The resulting dataset is always complete, containing both previously processed and newly processed records.

The Error Field Pattern

Standard approach for production queries that auto-retry failures:

import datachain as dc

def process_file(file):
    try:
        content = file.read_text()
        result = analyze_content(content)
        return {"content": content, "result": result, "error": ""}
    except Exception as e:
        return {"content": "", "result": "", "error": str(e)}

chain = (
    dc.read_storage(
        "s3://bucket/data/",
        delta=True,
        delta_on="file.path",
        delta_retry="error",
    )
    .map(result=process_file)
    .save("processed_files")
)

On each run, DataChain processes newly added files (delta) and re-processes previously failed records (retry). Transient failures resolve automatically.

Bucket Listing Cache

Storage listings are cached as datasets. Scanning a GCS bucket of 1M files takes minutes once, then queries resolve instantly.

Vectorized Operations

Data-engine operations (filter, group_by, order_by, mutate, aggregate) run as SQL inside the Query Engine at warehouse speed. The entire function library runs natively without Python.

Dataset Reuse

The most powerful optimization: starting from previously computed results. When a query consumes read_dataset("embeddings") instead of recomputing from raw files, it skips all upstream work. This is why save() is the default terminal operation.

Optimization Summary

Layer What it eliminates How to enable
Data stays in storage Unnecessary file copies Automatic (File abstraction)
Bucket listing cache Redundant storage scans Automatic
Async prefetch I/O idle time settings(prefetch=N)
File cache Redundant downloads settings(cache=True)
Checkpoints Wasted computation on failure Automatic (scripts only)
Delta updates Reprocessing unchanged data delta=True on read
Parallel compute Sequential bottleneck settings(parallel=N)
Distributed compute Single-machine ceiling settings(workers=K) (Studio)
Vectorized ops Python overhead for SQL-expressible work Use data-engine operations
Dataset reuse Recomputing upstream work save() + read_dataset()
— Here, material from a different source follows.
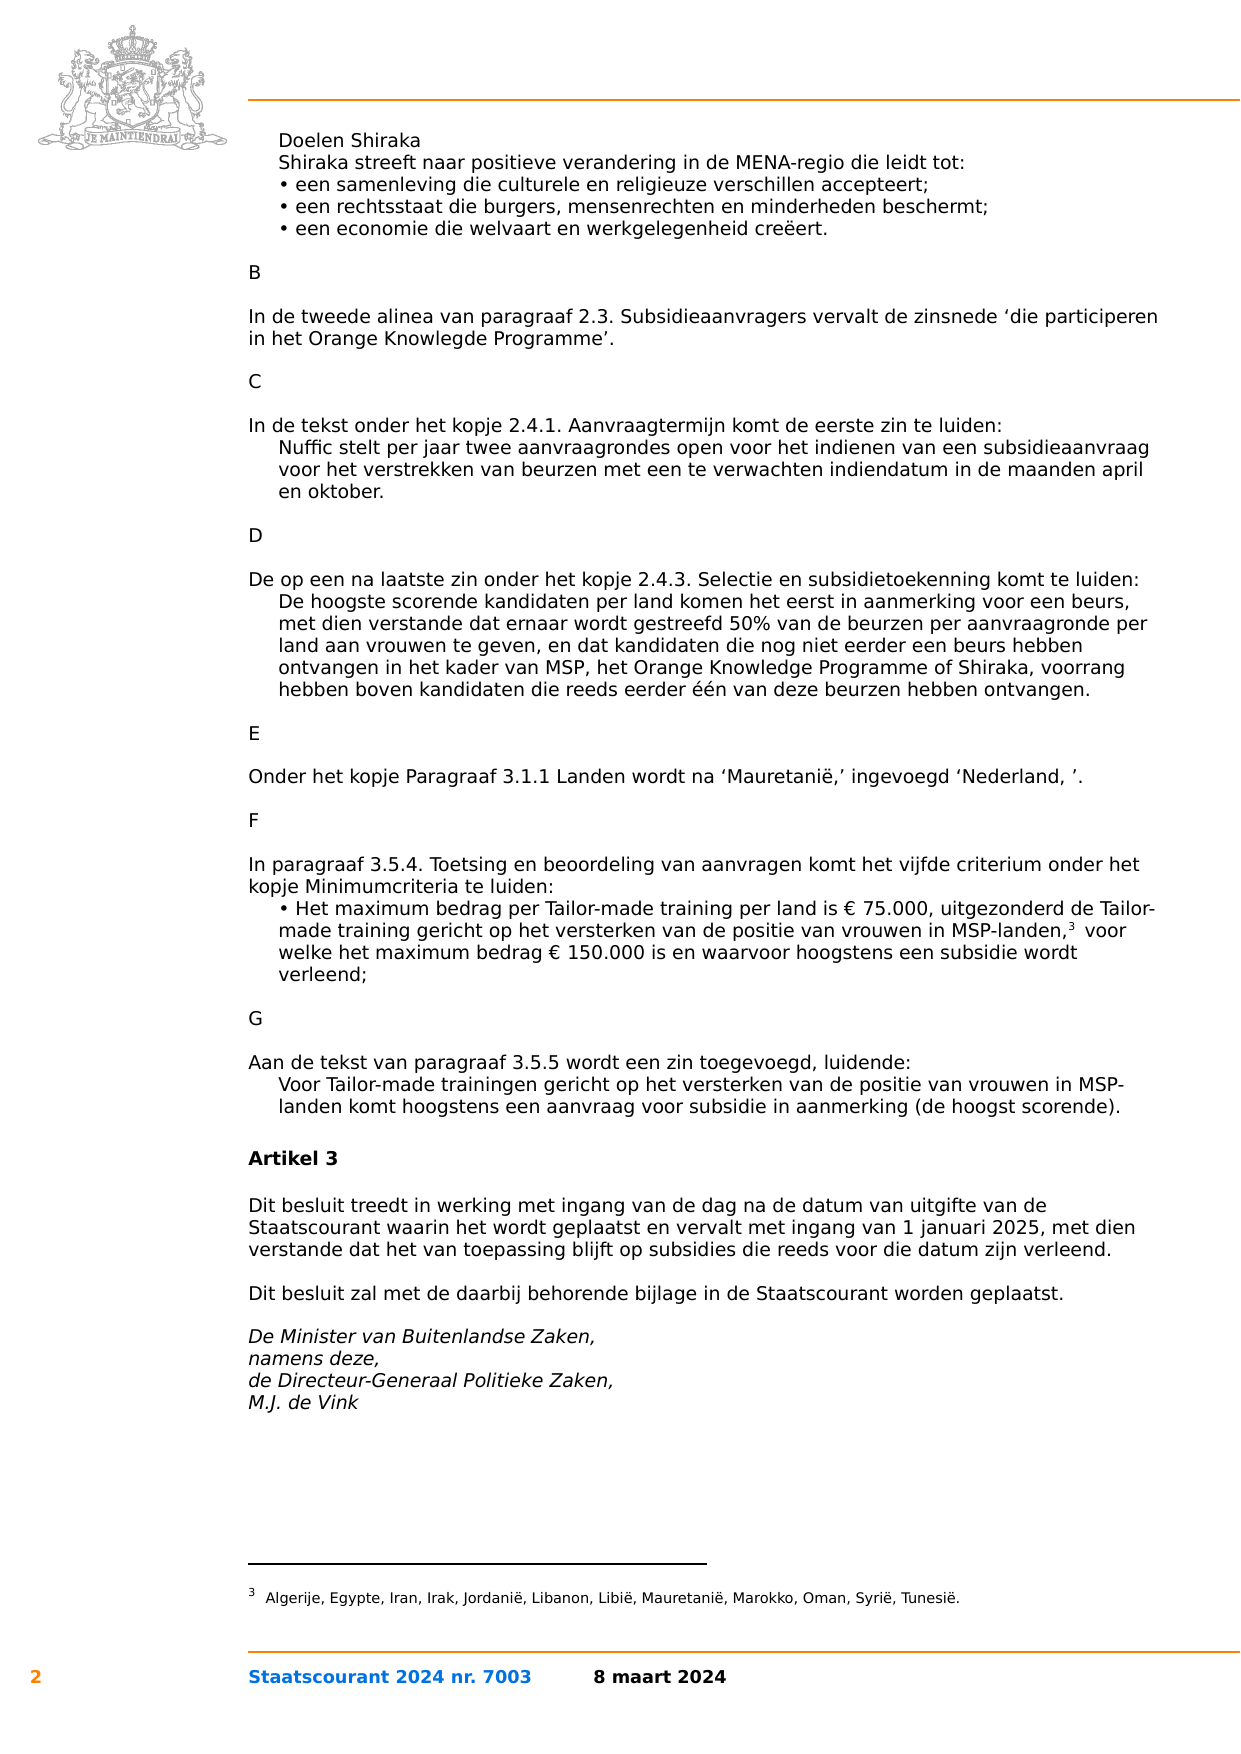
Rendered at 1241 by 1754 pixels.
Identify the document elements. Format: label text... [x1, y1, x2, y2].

Complete Example: Delta Processing for Growing Datasets

Process only new and changed files on each run. The resulting dataset is always complete:

import datachain as dc

chain = (
    dc.read_storage(
        "s3://bucket/incoming/",
        update=True,
        delta=True,
        delta_on="file.path",
    )
    .settings(parallel=8)
    .map(result=process_file)
    .save("processed_incoming")
)

Each run adds new files to the dataset while preserving all previously processed results. Combined with checkpoints, this means a query can handle both growing data and mid-run failures without any special logic.